Positive leverage in the world of real estate investing describes the situation in which borrowing helps increase the return of a property investment compared to the return that would be achieved if the investor did not use any borrowed funds for acquiring or developing a property.

Positive leverage is an important means for enhancing real estate investment returns, especially for property investors shooting for double digit-returns. However, borrowing does not always enhance the return of a real estate investment. On the contrary, if the appropriate conditions are not met, borrowing can have a negative effect on the return of an investment. For this reason, it is important for real estate investors to understand how one can evaluate whether borrowing can help increase the return of a property investment.

Assessing the Effect of Borrowing on Property Returns

Wurtzebach and Miles (1994) indicate that borrowing will enhance investment returns if the mortgage payment as a percentage of the loan amount is smaller than the income return offered by the investment under consideration, if no borrowed funds are used (unleveraged income return). The mortage payment in percentage terms, in the case of fixed-rate loans, is constant and is provided by the metric referred to as mortgage constant. In the case of adjustable rate loans, the cost of financing is variable through time in percentage terms. This variation through time needs to be taken into account when trying to assess if borrowing will enhance returns or not.

The other metric required to asses whether using borrowed funds will increase investment performance is the rate of return on total capital (ROR), which is actually the unleveraged income return of a property investment.
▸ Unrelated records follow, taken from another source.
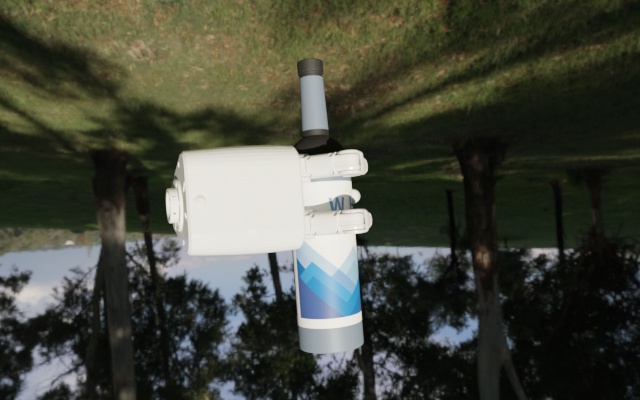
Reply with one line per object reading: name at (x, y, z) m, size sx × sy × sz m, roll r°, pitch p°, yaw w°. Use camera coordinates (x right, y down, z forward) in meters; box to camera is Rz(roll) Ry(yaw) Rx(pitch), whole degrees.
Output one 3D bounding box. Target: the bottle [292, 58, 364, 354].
bottle at (0.000, 0.002, 0.496) m, size 0.069 × 0.295 × 0.069 m, roll -4°, pitch -2°, yaw 0°
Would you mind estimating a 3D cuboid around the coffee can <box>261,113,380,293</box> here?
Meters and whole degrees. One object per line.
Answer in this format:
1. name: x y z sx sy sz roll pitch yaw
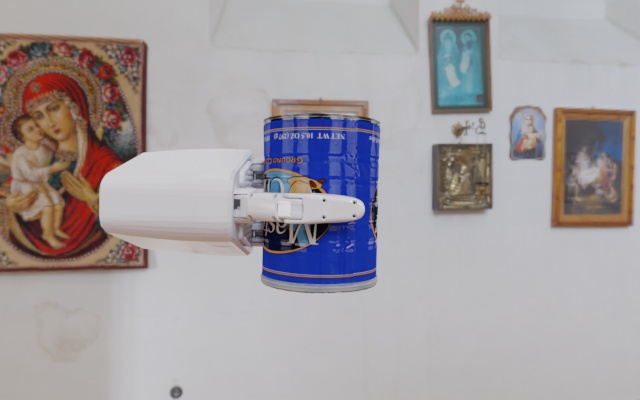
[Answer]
1. coffee can: 0.000 0.002 0.420 0.103 0.140 0.103 1 2 0
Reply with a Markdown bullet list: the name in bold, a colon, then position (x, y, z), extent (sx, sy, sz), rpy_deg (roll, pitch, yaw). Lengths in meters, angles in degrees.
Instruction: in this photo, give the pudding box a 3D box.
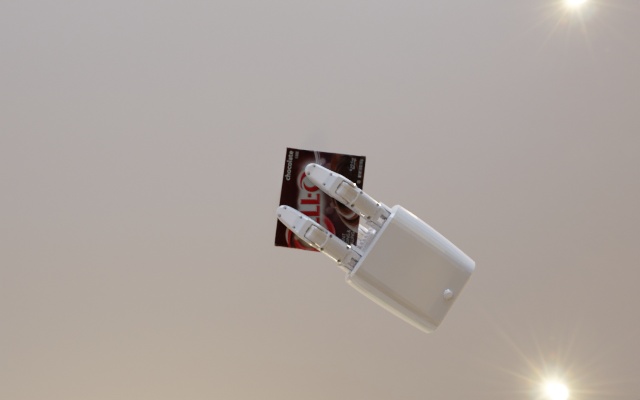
- **pudding box**: position (0.000, 0.002, 0.537), extent (0.090, 0.113, 0.039), rpy_deg (7, -5, 1)
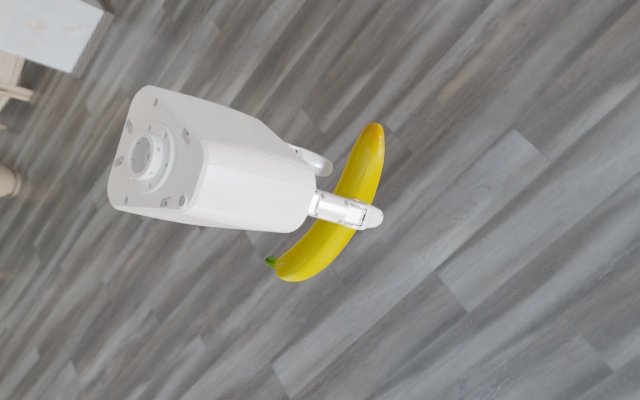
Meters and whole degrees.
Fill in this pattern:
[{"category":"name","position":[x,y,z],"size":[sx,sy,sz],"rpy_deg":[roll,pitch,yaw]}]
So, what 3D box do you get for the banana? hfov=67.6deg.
[{"category":"banana","position":[0.007,0.017,0.465],"size":[0.037,0.198,0.069],"rpy_deg":[13,33,-49]}]
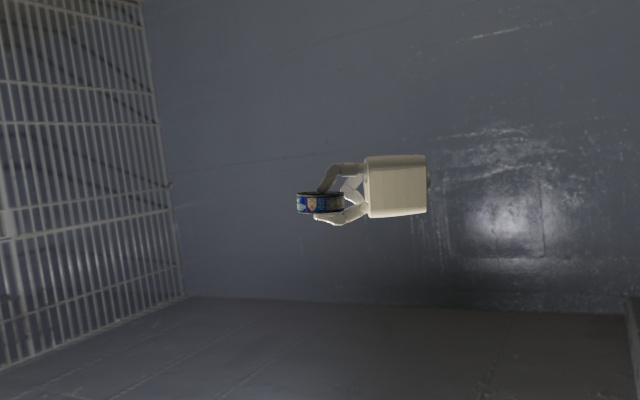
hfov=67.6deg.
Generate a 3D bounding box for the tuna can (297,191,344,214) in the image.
[{"bbox_3d":[0.000,0.003,0.855,0.086,0.034,0.086,-1,5,0],"label":"tuna can"}]
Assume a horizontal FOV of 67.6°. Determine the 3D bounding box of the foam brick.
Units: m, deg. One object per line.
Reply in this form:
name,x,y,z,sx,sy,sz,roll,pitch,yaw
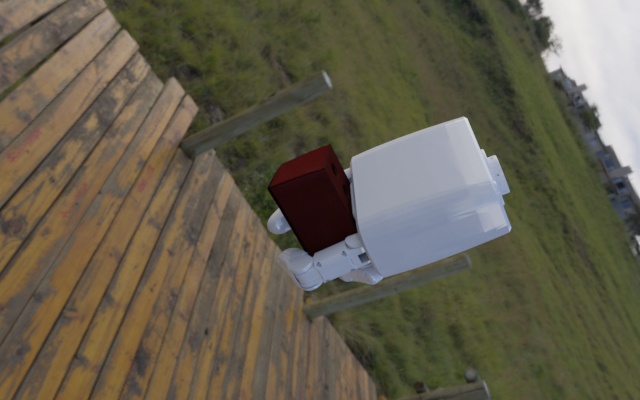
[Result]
foam brick,0.000,0.001,0.406,0.051,0.078,0.053,-21,24,19
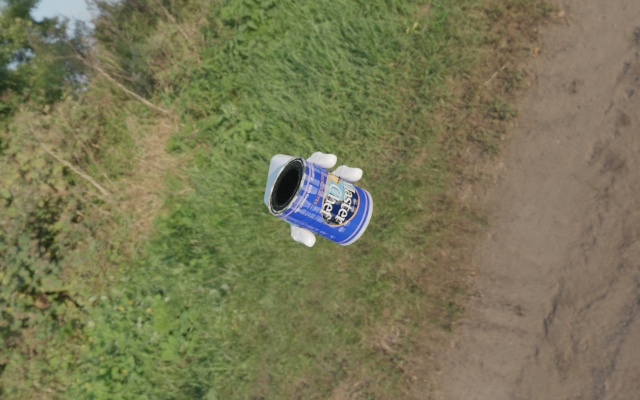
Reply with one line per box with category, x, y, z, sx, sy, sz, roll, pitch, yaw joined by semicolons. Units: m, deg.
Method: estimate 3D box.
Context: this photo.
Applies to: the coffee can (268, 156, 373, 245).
coffee can;0.000;0.003;0.785;0.140;0.102;0.103;26;-13;-29
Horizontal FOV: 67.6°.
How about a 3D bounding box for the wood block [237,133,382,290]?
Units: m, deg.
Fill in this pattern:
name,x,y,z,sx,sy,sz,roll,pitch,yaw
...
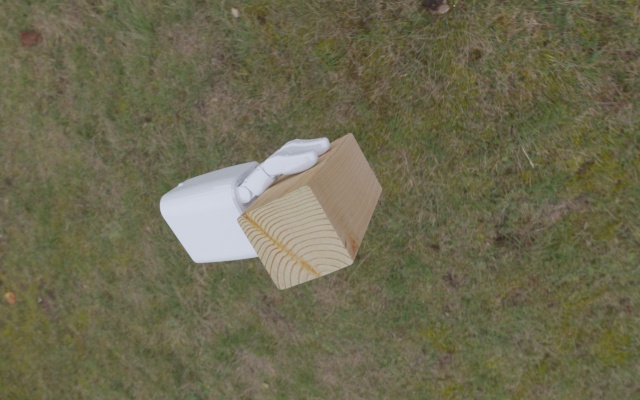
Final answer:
name,x,y,z,sx,sy,sz,roll,pitch,yaw
wood block,0.000,0.002,0.553,0.090,0.091,0.206,-24,13,23
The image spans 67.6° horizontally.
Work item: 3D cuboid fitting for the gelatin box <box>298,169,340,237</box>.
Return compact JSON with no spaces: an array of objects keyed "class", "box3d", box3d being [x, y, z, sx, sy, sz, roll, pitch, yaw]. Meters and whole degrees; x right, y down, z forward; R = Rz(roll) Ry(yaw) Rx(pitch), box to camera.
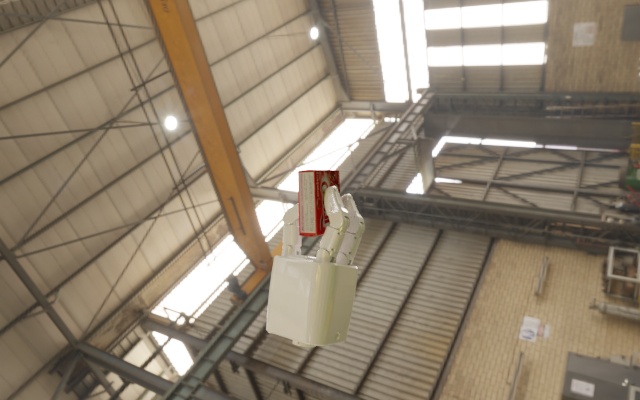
[{"class":"gelatin box","box3d":[0.000,0.002,0.656,0.030,0.089,0.073,-1,2,29]}]
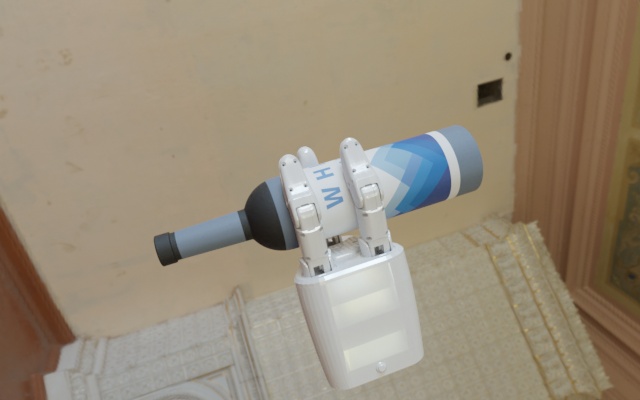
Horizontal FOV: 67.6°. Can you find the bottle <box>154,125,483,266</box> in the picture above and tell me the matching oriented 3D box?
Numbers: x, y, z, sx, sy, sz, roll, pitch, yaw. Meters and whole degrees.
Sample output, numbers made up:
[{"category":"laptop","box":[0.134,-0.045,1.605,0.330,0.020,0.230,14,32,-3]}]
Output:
[{"category":"bottle","box":[0.000,0.001,0.435,0.295,0.069,0.069,-17,3,-11]}]
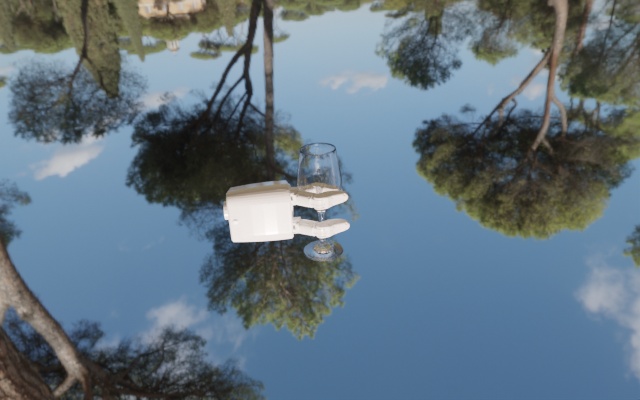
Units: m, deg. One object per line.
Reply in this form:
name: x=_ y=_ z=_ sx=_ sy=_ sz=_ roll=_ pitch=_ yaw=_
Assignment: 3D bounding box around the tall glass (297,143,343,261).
tall glass: x=0.000 y=0.003 z=0.844 sx=0.079 sy=0.201 sz=0.079 roll=-2 pitch=25 yaw=1
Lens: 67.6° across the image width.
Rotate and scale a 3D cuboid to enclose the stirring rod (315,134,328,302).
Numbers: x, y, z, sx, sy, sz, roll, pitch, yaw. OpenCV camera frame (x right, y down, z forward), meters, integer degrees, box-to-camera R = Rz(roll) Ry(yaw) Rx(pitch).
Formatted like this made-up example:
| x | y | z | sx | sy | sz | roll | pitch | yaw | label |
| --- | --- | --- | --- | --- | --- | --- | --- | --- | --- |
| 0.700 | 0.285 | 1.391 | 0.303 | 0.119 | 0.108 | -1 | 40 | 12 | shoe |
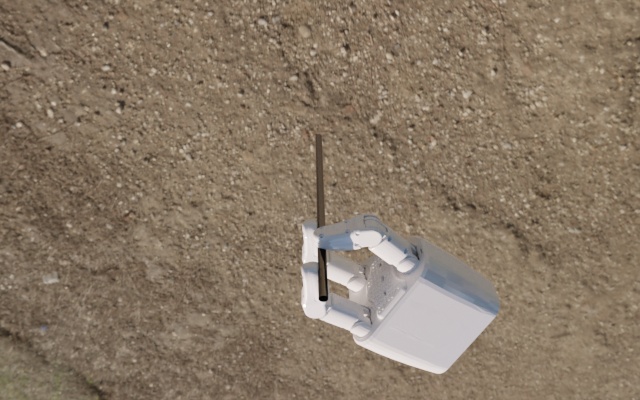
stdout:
| x | y | z | sx | sy | sz | roll | pitch | yaw | label |
| --- | --- | --- | --- | --- | --- | --- | --- | --- | --- |
| 0.000 | 0.002 | 0.473 | 0.011 | 0.011 | 0.239 | 0 | 40 | -1 | stirring rod |
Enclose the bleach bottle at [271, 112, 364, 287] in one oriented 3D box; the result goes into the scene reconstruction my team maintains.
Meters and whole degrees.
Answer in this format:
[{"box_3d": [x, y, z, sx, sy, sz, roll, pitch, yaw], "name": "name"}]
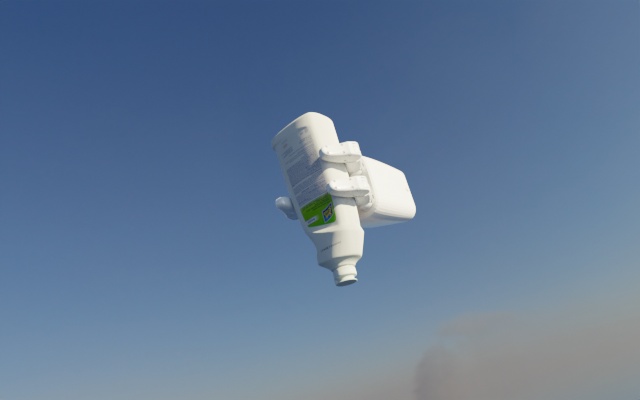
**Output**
[{"box_3d": [0.000, 0.002, 0.686, 0.102, 0.250, 0.068, -33, -30, 35], "name": "bleach bottle"}]
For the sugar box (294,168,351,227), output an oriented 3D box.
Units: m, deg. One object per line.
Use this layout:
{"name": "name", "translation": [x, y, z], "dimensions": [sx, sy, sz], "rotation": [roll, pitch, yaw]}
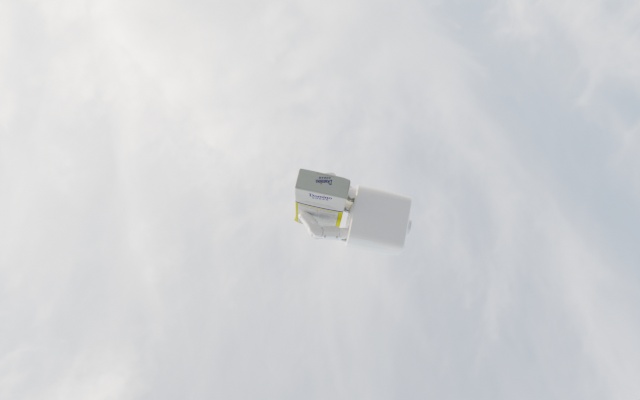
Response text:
{"name": "sugar box", "translation": [0.000, 0.002, 0.890], "dimensions": [0.093, 0.048, 0.176], "rotation": [12, -24, 1]}

The formula for the rate of return on total capital is:

ROR = Net Operating Income (NOI) / Purchase Price

By comparing the estimated ROR with the mortgage constant of the particular loan that will be used to finance part of the investment cost, the investor can assess whether borrowing under the particular terms of the loan, will increase the return of the investment. However, such a comparison will not reveal by how much investment return will be enhanced by using borrowing. In order to answer this question the return of the investment needs to be calculated taking into account the impact of borrowing on the property cash flow, or in other words the leveraged return. For an extensive discussion, with all the formulas used and numerical examples of the assessment of whether borrowing enhances the return of a property investment, see the article Using Borrowed Funds to Finance Property Investments.

Brueggeman and Fisher (1993) indicate that borrowing will contribute to positive before-tax leverage if the unlevered before tax IRR is greater than the effective cost of the loan, which in addition to the loan interest rate reflects and additional costs such as points, prepayments, etc.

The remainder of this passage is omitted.